Santa Claus & his elves wouldn’t be able to wrap the gifts needed for all the children in the world quickly enough unless they had more limbs. Therefore, the logical conclusion is that they are all octopuses & the “North Pole” is actually the lost city of Atlantis. In this essay,
ME: Hi. I’m in the gym parking lot.
HUSBAND: That’s great! Are you finally working out?
ME: No. My car broke down. Can you come pick me up? This place is really scary.

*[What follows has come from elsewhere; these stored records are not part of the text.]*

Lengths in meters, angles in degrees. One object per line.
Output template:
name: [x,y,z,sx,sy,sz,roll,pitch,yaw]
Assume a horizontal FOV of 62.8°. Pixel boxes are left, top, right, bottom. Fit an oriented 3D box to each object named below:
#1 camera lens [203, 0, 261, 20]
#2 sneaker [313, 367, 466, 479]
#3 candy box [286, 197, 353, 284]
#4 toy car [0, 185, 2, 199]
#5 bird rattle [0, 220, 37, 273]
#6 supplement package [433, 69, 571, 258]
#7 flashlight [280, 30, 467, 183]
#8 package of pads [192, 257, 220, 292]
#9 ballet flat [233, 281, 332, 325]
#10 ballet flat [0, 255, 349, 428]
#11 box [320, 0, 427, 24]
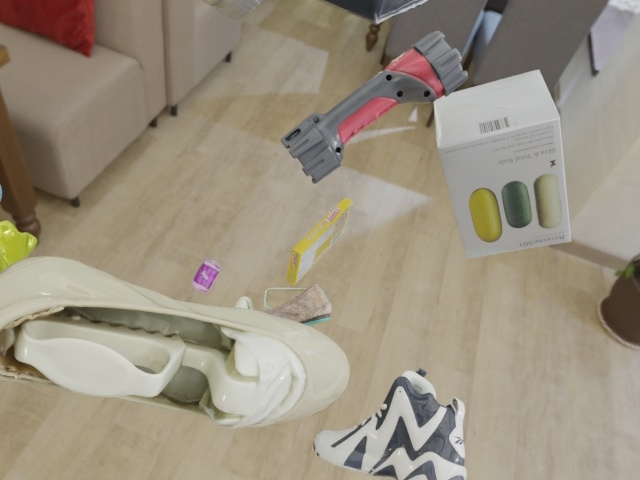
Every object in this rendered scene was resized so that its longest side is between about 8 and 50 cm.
camera lens: [-0.215,-0.597,1.007,0.274,0.219,0.220,33,39,-33]
sneaker: [0.098,0.251,0.727,0.094,0.234,0.153,32,64,-33]
candy box: [0.000,0.000,1.134,0.027,0.105,0.206,30,49,18]
toy car: [-0.698,-0.143,0.853,0.219,0.238,0.210,8,29,20]
bird rattle: [-0.545,0.084,0.790,0.206,0.254,0.143,24,10,-12]
supplement package: [0.343,-0.139,0.996,0.199,0.263,0.198,-11,37,19]
flashlight: [0.090,-0.211,0.864,0.304,0.103,0.103,-38,49,6]
package of pads: [-0.194,0.058,0.889,0.031,0.083,0.050,30,86,-12]
ballet flat: [-0.129,0.169,1.199,0.315,0.107,0.106,-17,84,5]
ballet flat: [-0.084,0.079,0.330,0.248,0.086,0.086,18,46,-19]
box: [0.010,-0.419,0.370,0.293,0.396,0.212,32,48,20]
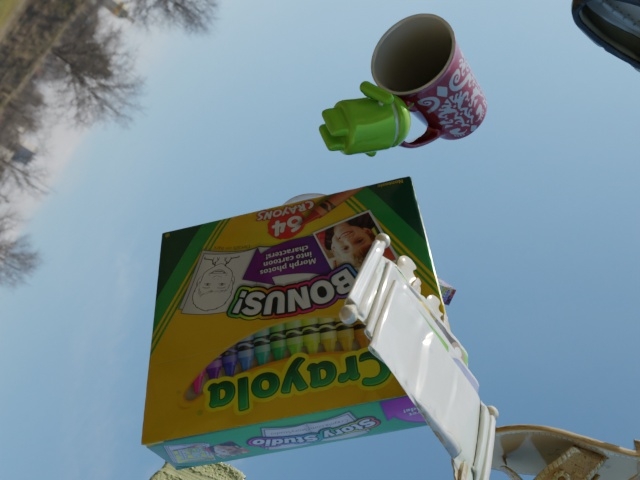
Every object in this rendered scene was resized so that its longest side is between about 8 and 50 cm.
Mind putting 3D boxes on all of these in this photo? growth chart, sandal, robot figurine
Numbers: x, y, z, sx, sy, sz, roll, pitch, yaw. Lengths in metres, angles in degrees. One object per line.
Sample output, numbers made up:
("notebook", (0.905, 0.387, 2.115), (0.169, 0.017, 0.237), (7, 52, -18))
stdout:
("growth chart", (0.101, 0.112, 0.592), (0.021, 0.237, 0.172), (-31, -175, 29))
("sandal", (0.277, 0.260, 0.683), (0.240, 0.088, 0.079), (1, -142, 13))
("robot figurine", (0.058, -0.140, 0.766), (0.101, 0.115, 0.067), (102, -30, -52))

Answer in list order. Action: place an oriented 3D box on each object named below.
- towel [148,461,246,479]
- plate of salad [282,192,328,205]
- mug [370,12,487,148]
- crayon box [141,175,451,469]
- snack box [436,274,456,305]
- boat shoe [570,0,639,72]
("towel", (-0.217, 0.421, 1.114), (0.110, 0.148, 0.027), (-49, 151, -55))
("plate of salad", (0.000, 0.000, 1.223), (0.200, 0.200, 0.048), (-33, -160, 34))
("mug", (0.143, -0.199, 0.863), (0.150, 0.169, 0.113), (-43, -123, 14))
("crayon box", (-0.028, 0.097, 0.811), (0.363, 0.106, 0.313), (-13, -131, 7))
("snack box", (0.169, 0.066, 1.170), (0.141, 0.100, 0.037), (42, -66, 60))
("boat shoe", (0.388, -0.199, 0.665), (0.091, 0.302, 0.114), (-66, -174, -23))
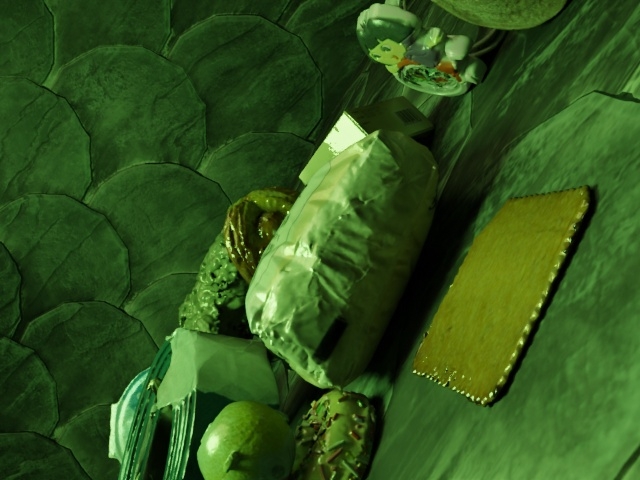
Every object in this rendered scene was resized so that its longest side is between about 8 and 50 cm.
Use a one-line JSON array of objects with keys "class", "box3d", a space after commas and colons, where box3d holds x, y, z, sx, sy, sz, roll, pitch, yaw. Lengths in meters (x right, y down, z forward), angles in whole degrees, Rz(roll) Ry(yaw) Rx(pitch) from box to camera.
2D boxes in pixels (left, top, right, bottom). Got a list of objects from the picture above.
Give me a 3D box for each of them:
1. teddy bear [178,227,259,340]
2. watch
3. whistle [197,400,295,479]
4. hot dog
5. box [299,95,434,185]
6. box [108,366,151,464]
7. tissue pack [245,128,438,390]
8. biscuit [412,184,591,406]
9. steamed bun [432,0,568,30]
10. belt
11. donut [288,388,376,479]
[{"class": "teddy bear", "box3d": [-0.183, 0.123, 1.668, 0.357, 0.224, 0.368, -74, 4, -47]}, {"class": "watch", "box3d": [0.196, -0.389, 1.291, 0.196, 0.244, 0.231, 167, 124, -77]}, {"class": "whistle", "box3d": [-0.075, 0.260, 0.958, 0.123, 0.123, 0.223, -61, -13, 2]}, {"class": "hot dog", "box3d": [-0.049, 0.029, 1.318, 0.196, 0.272, 0.122, -47, 33, -18]}, {"class": "box", "box3d": [0.085, -0.161, 1.386, 0.212, 0.095, 0.168, -26, -19, -51]}, {"class": "box", "box3d": [-0.225, 0.365, 1.470, 0.262, 0.291, 0.206, -49, -13, -3]}, {"class": "tissue pack", "box3d": [0.029, 0.027, 1.116, 0.390, 0.195, 0.375, -63, -1, -3]}, {"class": "biscuit", "box3d": [0.184, 0.052, 0.810, 0.237, 0.013, 0.232, -62, 10, -6]}, {"class": "steamed bun", "box3d": [0.229, -0.450, 1.099, 0.199, 0.301, 0.252, -25, 41, 39]}, {"class": "belt", "box3d": [-0.201, 0.358, 1.199, 0.300, 0.173, 0.437, 13, 91, 62]}, {"class": "donut", "box3d": [0.005, 0.264, 0.960, 0.175, 0.068, 0.174, -59, 10, 18]}]
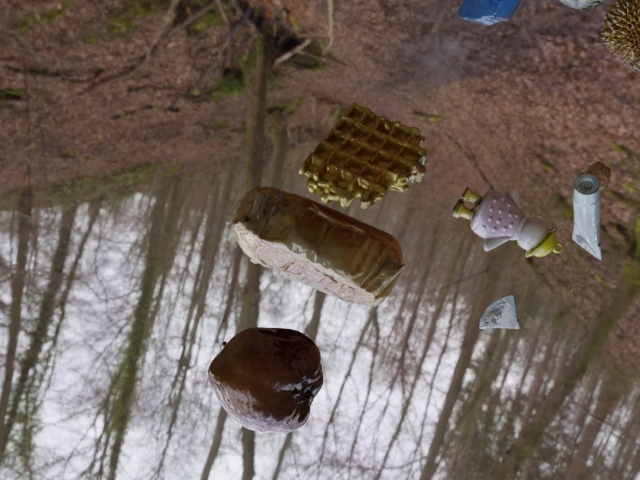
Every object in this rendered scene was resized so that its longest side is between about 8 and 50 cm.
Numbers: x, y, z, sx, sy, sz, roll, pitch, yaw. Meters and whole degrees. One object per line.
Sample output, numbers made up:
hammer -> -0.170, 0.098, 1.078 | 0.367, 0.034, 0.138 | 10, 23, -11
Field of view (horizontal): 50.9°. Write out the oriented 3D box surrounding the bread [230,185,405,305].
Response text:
bread -> -0.004, 0.003, 1.515 | 0.388, 0.183, 0.236 | 28, 158, -5

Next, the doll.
doll -> 0.344, -0.031, 1.220 | 0.207, 0.129, 0.081 | 27, 175, 6

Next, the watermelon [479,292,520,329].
watermelon -> 0.315, 0.135, 1.158 | 0.085, 0.085, 0.061 | 1, -145, -45

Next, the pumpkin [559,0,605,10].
pumpkin -> 0.706, -0.714, 1.818 | 0.190, 0.190, 0.146 | 30, -117, 37

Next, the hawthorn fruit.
hawthorn fruit -> -0.118, 0.260, 1.327 | 0.248, 0.208, 0.208 | 16, -169, 39

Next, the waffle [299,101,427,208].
waffle -> 0.096, -0.148, 1.316 | 0.219, 0.229, 0.057 | 27, 157, 27

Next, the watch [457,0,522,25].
watch -> 0.237, -0.544, 1.201 | 0.274, 0.241, 0.305 | 15, -158, -20

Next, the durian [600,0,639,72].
durian -> 0.554, -0.353, 1.131 | 0.158, 0.137, 0.168 | 19, -121, 7

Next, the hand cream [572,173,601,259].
hand cream -> 0.601, -0.043, 1.526 | 0.085, 0.058, 0.331 | 40, 172, 32

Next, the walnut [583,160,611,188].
walnut -> 0.843, -0.192, 2.056 | 0.079, 0.096, 0.082 | 29, -171, -41
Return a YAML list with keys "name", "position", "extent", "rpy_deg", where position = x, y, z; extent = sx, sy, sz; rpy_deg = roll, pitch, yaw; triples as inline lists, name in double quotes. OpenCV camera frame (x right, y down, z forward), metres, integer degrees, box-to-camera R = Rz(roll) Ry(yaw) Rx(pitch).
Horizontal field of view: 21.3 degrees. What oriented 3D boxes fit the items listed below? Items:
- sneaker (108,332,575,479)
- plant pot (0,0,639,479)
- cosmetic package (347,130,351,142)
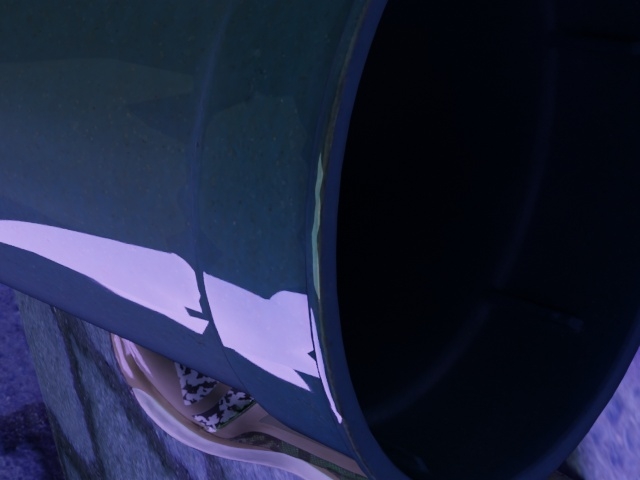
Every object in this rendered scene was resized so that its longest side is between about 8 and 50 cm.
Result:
- name: "sneaker"
  position: [0.038, 0.110, 1.219]
  extent: [0.410, 0.158, 0.182]
  rpy_deg: [35, 150, -25]
- name: "plant pot"
  position: [-0.028, -0.069, 0.878]
  extent: [0.334, 0.341, 0.341]
  rpy_deg: [15, 128, 34]
- name: "cosmetic package"
  position: [-0.006, -0.189, 1.176]
  extent: [0.385, 0.156, 0.217]
  rpy_deg: [67, 161, 13]
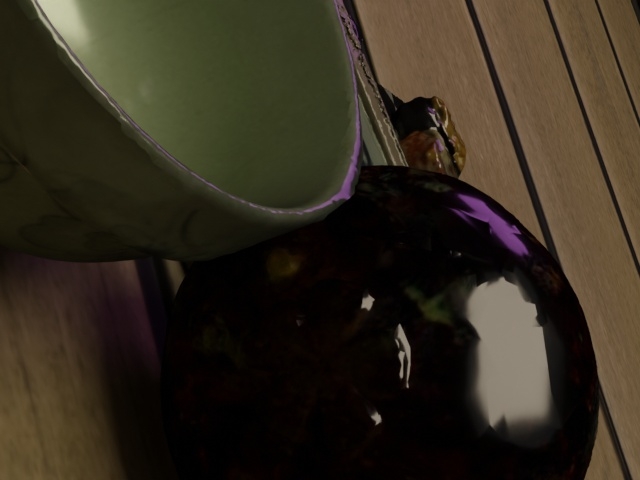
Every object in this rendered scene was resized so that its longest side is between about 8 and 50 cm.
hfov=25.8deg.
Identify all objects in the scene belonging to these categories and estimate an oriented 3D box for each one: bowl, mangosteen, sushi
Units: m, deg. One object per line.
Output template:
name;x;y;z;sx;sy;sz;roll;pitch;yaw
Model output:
bowl;-0.125;-0.121;0.644;0.307;0.163;0.307;47;31;-40
mangosteen;0.043;0.073;0.767;0.231;0.231;0.289;69;18;4
sushi;0.116;-0.011;1.182;0.264;0.050;0.290;14;56;-72

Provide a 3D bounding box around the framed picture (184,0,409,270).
framed picture;0.000;0.000;0.921;0.247;0.022;0.335;-25;93;-52

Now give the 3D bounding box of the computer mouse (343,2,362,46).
computer mouse;-0.037;-0.158;1.020;0.172;0.057;0.099;13;59;-48

My 3yo niece wants dead grapes.
Raisins, she wants raisins.
“Wow, more ABBA. Shocking.”
-anyone on road trips with me
You know when you do Secret Santa and you give the person a gift card, glove and scarf set in handmade gift bag you sewed yourself and you get a stained coffee mug with Halloween candy in it?
That.
Her: I’m an only child
Me: There are literally billions of children
boss: you’re fired
me: [slamming fist on couch] you woke me up for this?
ME: *puts on sunglasses*
NEIL DEGRASSE TYSON: *slaps them off my face* glasses made of the sun would instantaneously melt your head
Autocorrect changed “baby rattle” to “baby battle” and now I’m googling where to buy tiny weapons.
Unicorn: Come on man, do it just one more time.
Dragon: This is the last time.
Unicorn: Hell yeah!
Dragon: [toasts unicorns marshmallow]
What my neighbors thought of me after they moved in:
1. She’s eating cake
2. She’s eating chips
3. She’s eating cake again
4. She’s dipping chips in the cake
Your sex life as a parent basically becomes “Fifty Shades of Pray Those Kids Stay Asleep.”
Hobo-looking dad with preschooler who won’t stop seeks similarly afflicted for caffeine, playdates.
Cop: know how fast you were going?
Me: 30
Cop: faster
Me: 217
Cop: what? no 72
Me: 54
Cop: I already told-
Me: negative 12
Cop: get out
Police looking for a man who stabbed six people with knitting needles.
He seems to be following some sort of pattern.
My mother doesn’t believe in expiration dates, she’s on day 3 of believing in food poisoning.
I thought I drank my coffee too fast and thought I was hallucinating seeing bugs everywhere but it turns out I did in fact leave a window open and a bunch of ants got in
God: I’ve always regretted not making you the dominant species
Man: But you did—
Dog: She was talking to me
Moms 2007: I don’t know why you text LOL when you aren’t literally laughing
Moms 2017: Cry face emoji, clapping hands, three monkeys
My kid told his preschool teacher that we have a dog (we don’t) and that our dogs name is barf (?) so no, I don’t trust anything out of a toddler’s mouth
Anyone: Hey, can I ask you a personal question?